> [About this task] Please give again every entry exactly as it appears, setting aside the pictures.

Stored dataset items:
▼

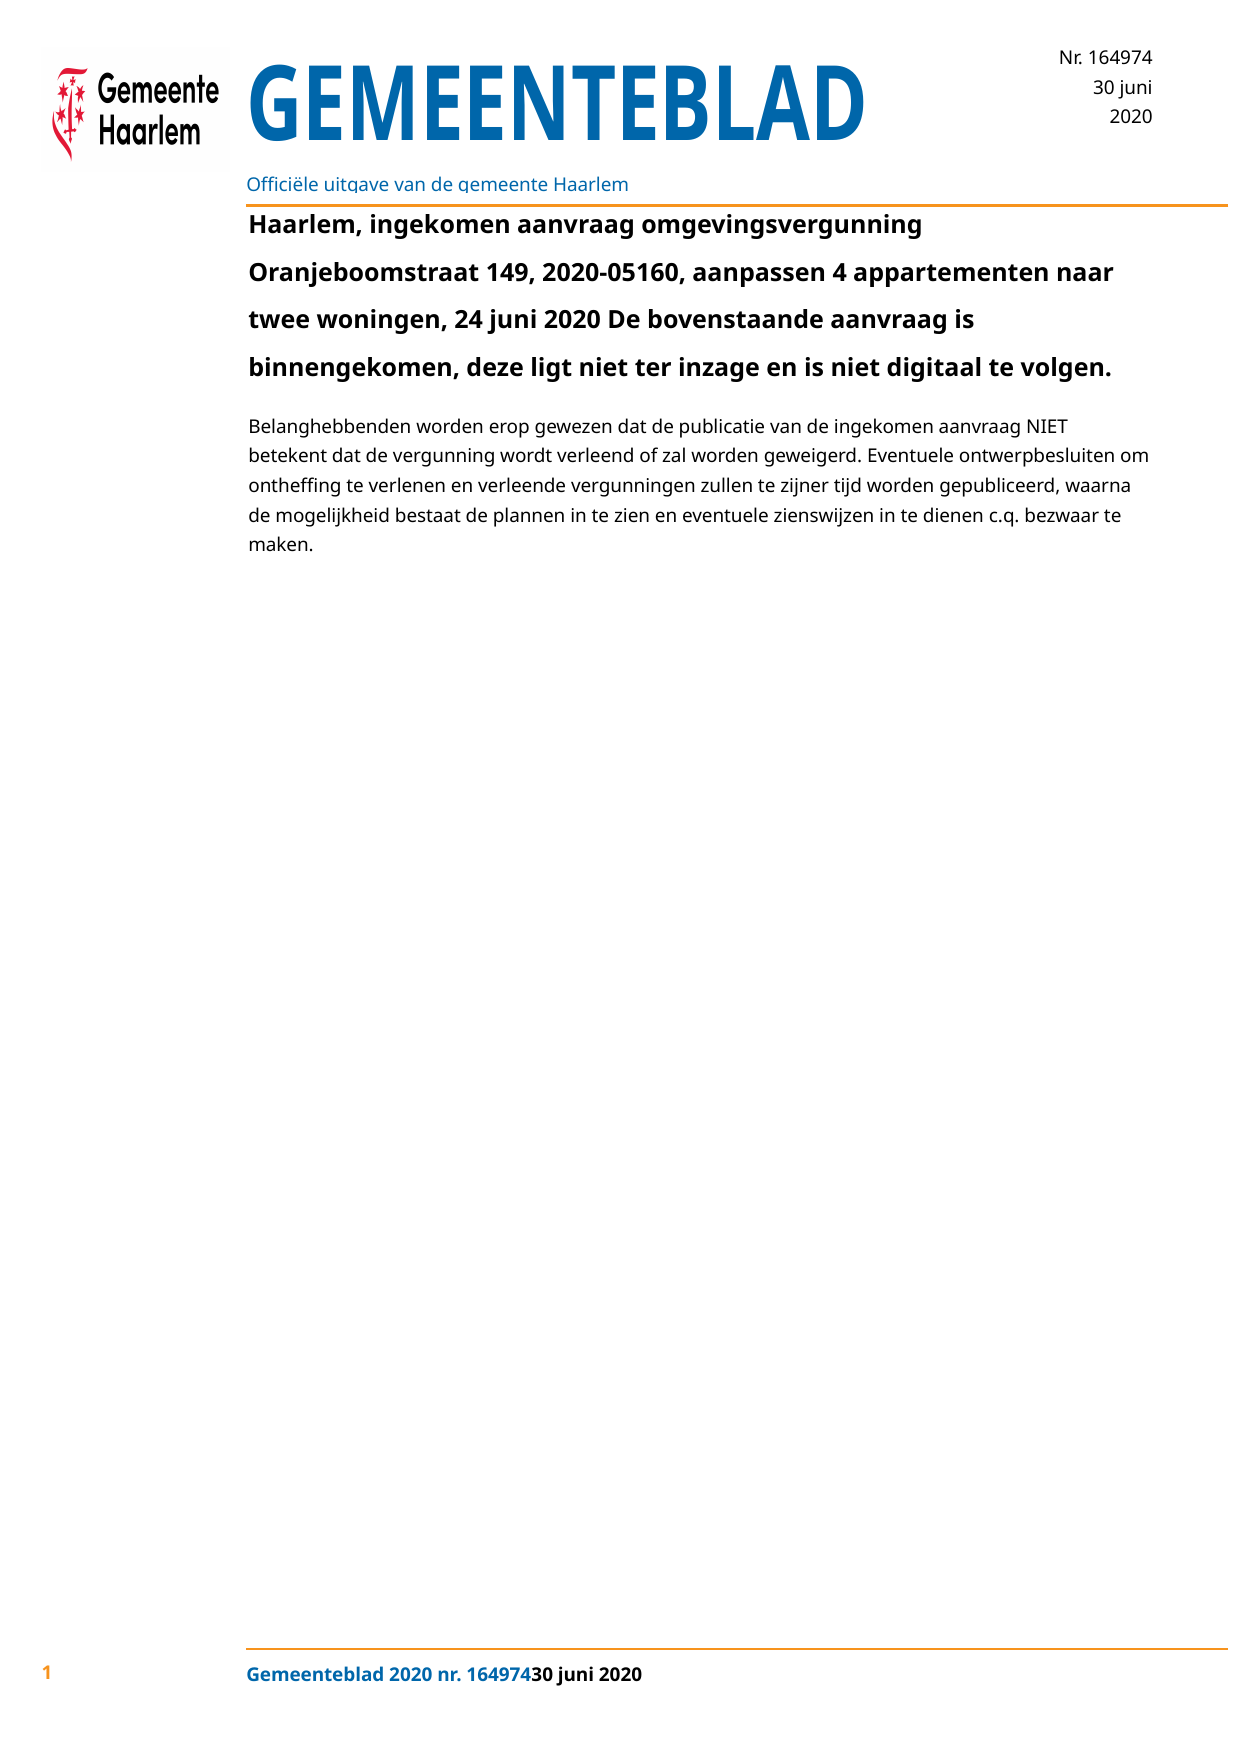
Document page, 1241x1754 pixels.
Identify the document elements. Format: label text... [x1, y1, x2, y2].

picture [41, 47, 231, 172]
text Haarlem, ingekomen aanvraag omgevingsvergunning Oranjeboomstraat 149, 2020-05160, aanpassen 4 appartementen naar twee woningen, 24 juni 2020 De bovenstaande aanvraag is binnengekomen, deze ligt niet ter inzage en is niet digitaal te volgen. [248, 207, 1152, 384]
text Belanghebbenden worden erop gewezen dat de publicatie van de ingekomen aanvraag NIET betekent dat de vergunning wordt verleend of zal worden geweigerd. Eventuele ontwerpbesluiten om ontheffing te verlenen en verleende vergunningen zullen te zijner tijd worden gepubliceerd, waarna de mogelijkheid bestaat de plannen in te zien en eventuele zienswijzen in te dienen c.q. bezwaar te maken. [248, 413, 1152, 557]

▲

> [Final answer]
Document page, 1241x1754 pixels.
Identify the document elements. Format: label text... [x1, y1, x2, y2].

picture [41, 47, 231, 172]
text Haarlem, ingekomen aanvraag omgevingsvergunning Oranjeboomstraat 149, 2020-05160, aanpassen 4 appartementen naar twee woningen, 24 juni 2020 De bovenstaande aanvraag is binnengekomen, deze ligt niet ter inzage en is niet digitaal te volgen. [248, 207, 1152, 384]
text Belanghebbenden worden erop gewezen dat de publicatie van de ingekomen aanvraag NIET betekent dat de vergunning wordt verleend of zal worden geweigerd. Eventuele ontwerpbesluiten om ontheffing te verlenen en verleende vergunningen zullen te zijner tijd worden gepubliceerd, waarna de mogelijkheid bestaat de plannen in te zien en eventuele zienswijzen in te dienen c.q. bezwaar te maken. [248, 413, 1152, 557]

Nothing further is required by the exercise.